個人からの借金に時効はあるのか
1 時効とは
時効とは、一定の期間が経過することで、権利を取得したり、債務を免れたりする制度です。
権利を取得する方を取得時効、債務を免れる方を消滅時効といいます。
個人からの借金を時効で支払わなくて済むかどうかという今回のテーマは、消滅時効に関するものです。
消滅時効に関する法律を確認しましょう。
民法166条
1項 債権は、次に掲げる場合には、時効によって消滅する。
一 債権者が権利を行使することができることを知った時から五年間行使しないとき。
二 権利を行使することができる時から十年間行使しないとき。
2項 債権又は所有権以外の財産権は、権利を行使することができる時から二十年間行使しないときは、時効によって消滅する。
2 個人からの借金にも時効はある
民法166条は、個人からの借入と業者からの借入で区別をしていません。
個人からの借入でも時効によって払わなくてよくなることがあります。
3 判決を取られたり、古い借金は10年経過するまで時効にかからない
民法166条1項では、最短では最後の借入か返済から5年たつと、時効で払わなくてよくなる可能性があります。

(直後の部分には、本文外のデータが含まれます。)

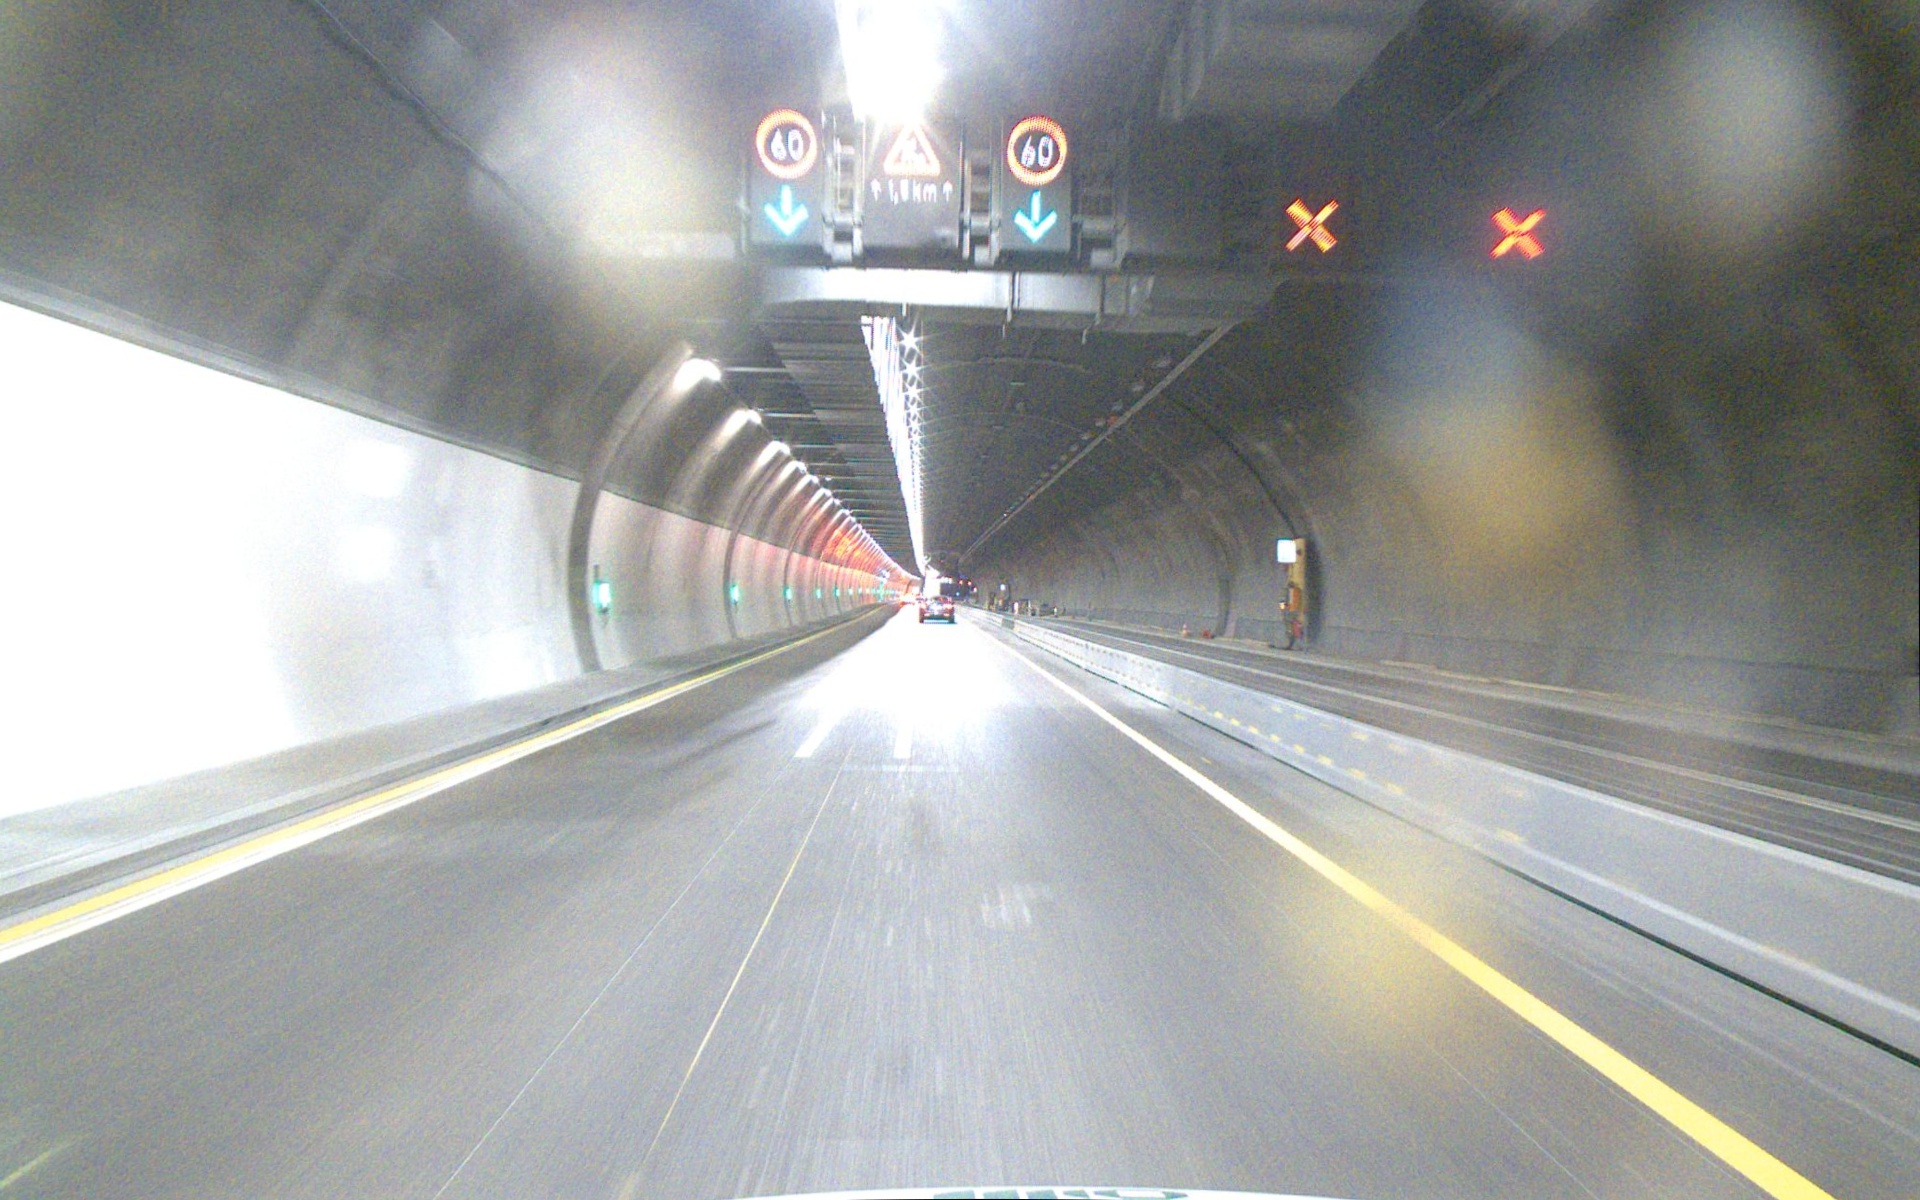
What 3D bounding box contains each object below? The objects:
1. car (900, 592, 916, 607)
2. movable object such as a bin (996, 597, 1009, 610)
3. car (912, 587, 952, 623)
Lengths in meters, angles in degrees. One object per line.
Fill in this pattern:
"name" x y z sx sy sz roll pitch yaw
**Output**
"car" -6.151 -0.022 196.094 1.891 1.716 3.999 0 0 -2
"movable object such as a bin" 4.745 0.399 184.730 1.210 1.467 2.216 2 0 -2
"car" -1.479 0.246 86.268 1.908 1.826 3.997 0 0 -4
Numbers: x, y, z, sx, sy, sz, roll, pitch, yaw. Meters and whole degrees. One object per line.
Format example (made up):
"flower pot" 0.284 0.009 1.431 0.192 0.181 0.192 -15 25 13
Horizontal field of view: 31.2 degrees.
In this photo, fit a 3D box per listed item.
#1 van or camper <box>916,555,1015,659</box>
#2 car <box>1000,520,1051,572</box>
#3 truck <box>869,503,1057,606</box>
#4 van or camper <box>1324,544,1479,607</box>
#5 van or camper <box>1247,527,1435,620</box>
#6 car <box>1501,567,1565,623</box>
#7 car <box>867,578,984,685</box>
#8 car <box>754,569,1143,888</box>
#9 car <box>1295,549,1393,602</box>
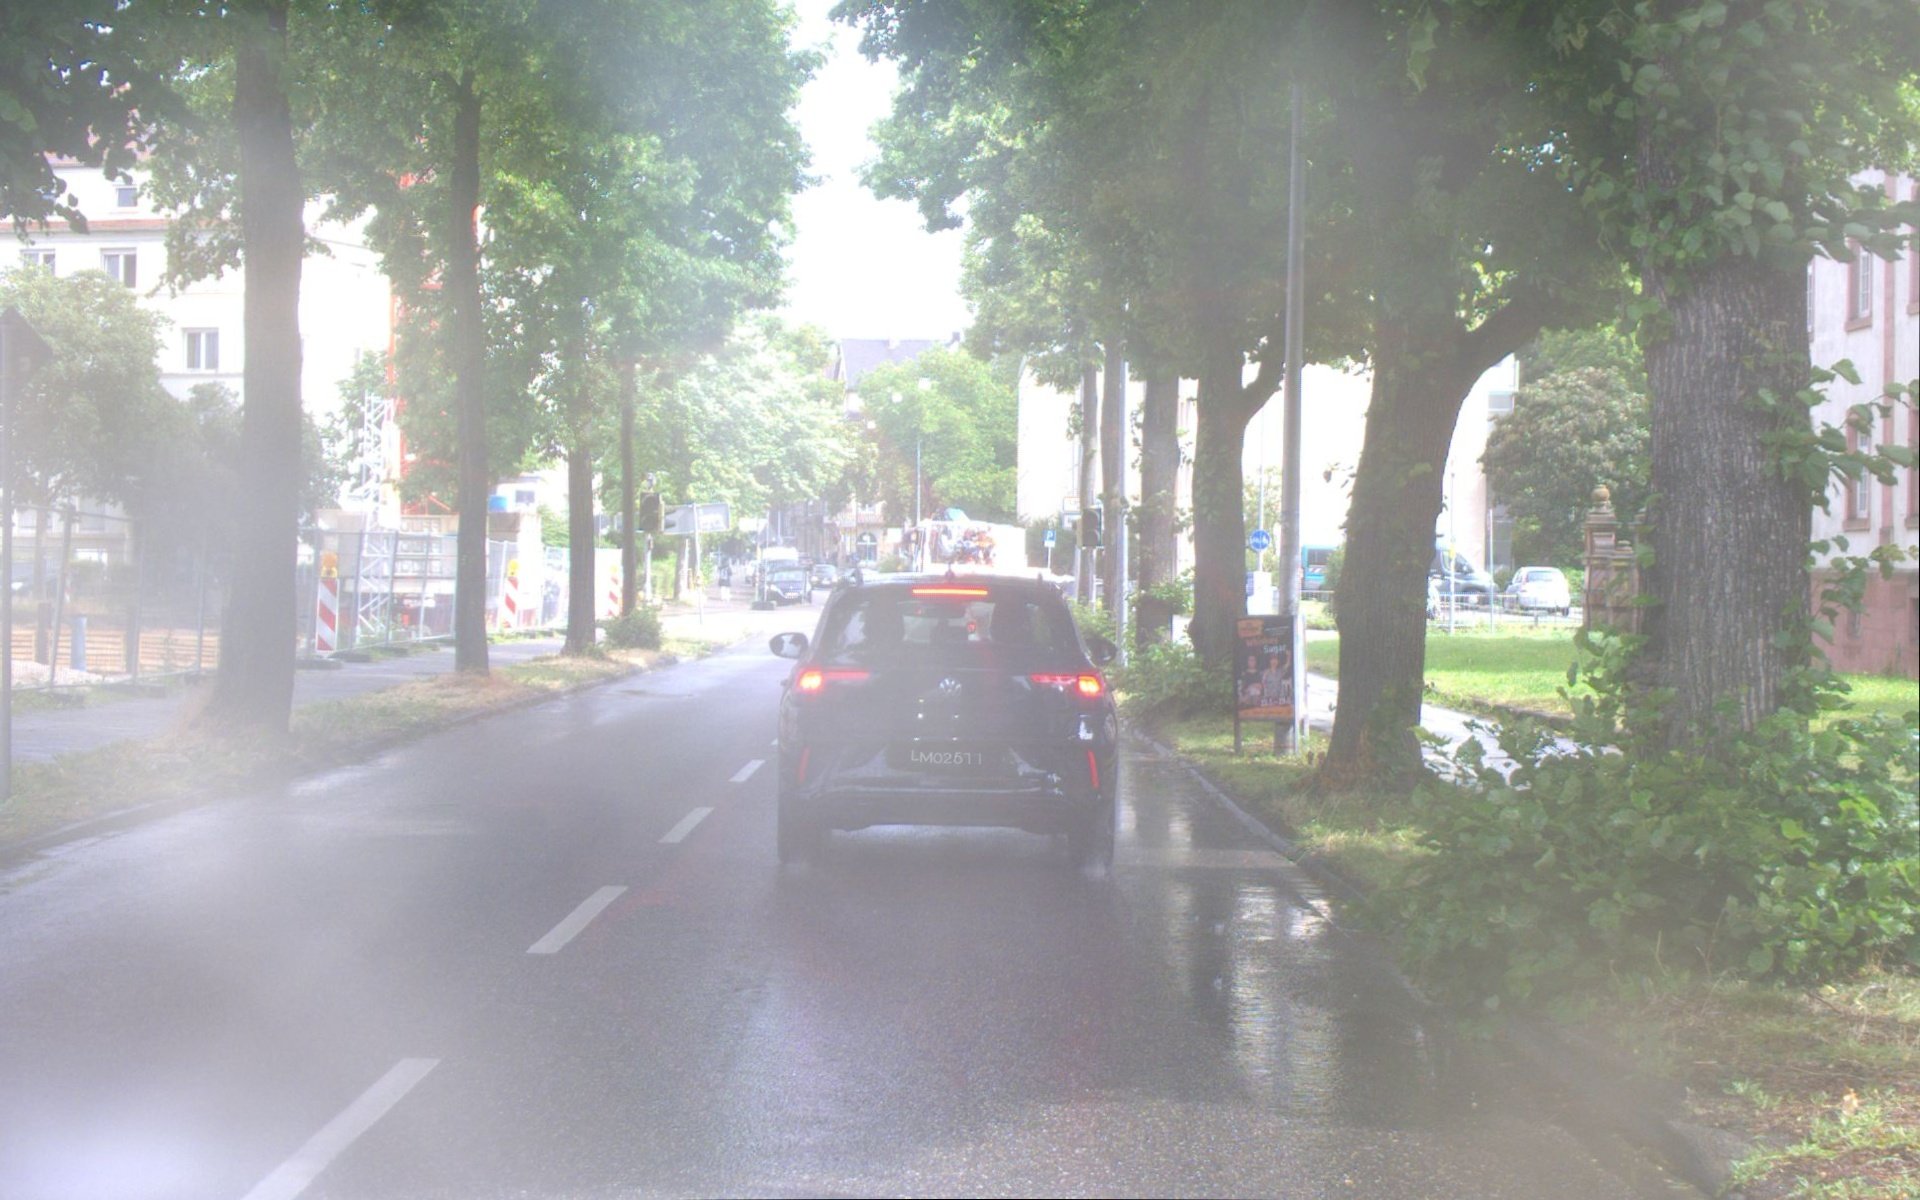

ただし、裁判を起こされて判決を取られると、判決確定から10年間は時効にかかりません(民法169条)。
また、現在の民法は令和2年4月1日に改訂されて施行されたものですが、それ以前の借入については、個人からの借入は一律10年たたないと時効にかからないことになっています(旧民法167条1項)。
4 時効は援用しないと効果が発生しない
時効は、個人からの借入も業者からの借入も、放っておくだけでは払わなくて済む状態にはなりません。
消滅時効の援用という、法律上正しい方法で時効で払わなくてよい旨を主張しないと、時効で支払わなくてよい状態にはなりません(民法145条)。
また、ご自身で相手の方と話をすると、借金を承認するような言動になって、せっかく時効にかかるほどの期間がたっていたのに、時効にかからなくなることもあります(民法152条1項の時効の更新)。
そこで、時効で借金の支払いを免れることを検討している方は、弁護士に相談して正しい方法で時効を援用するのがよいでしょう。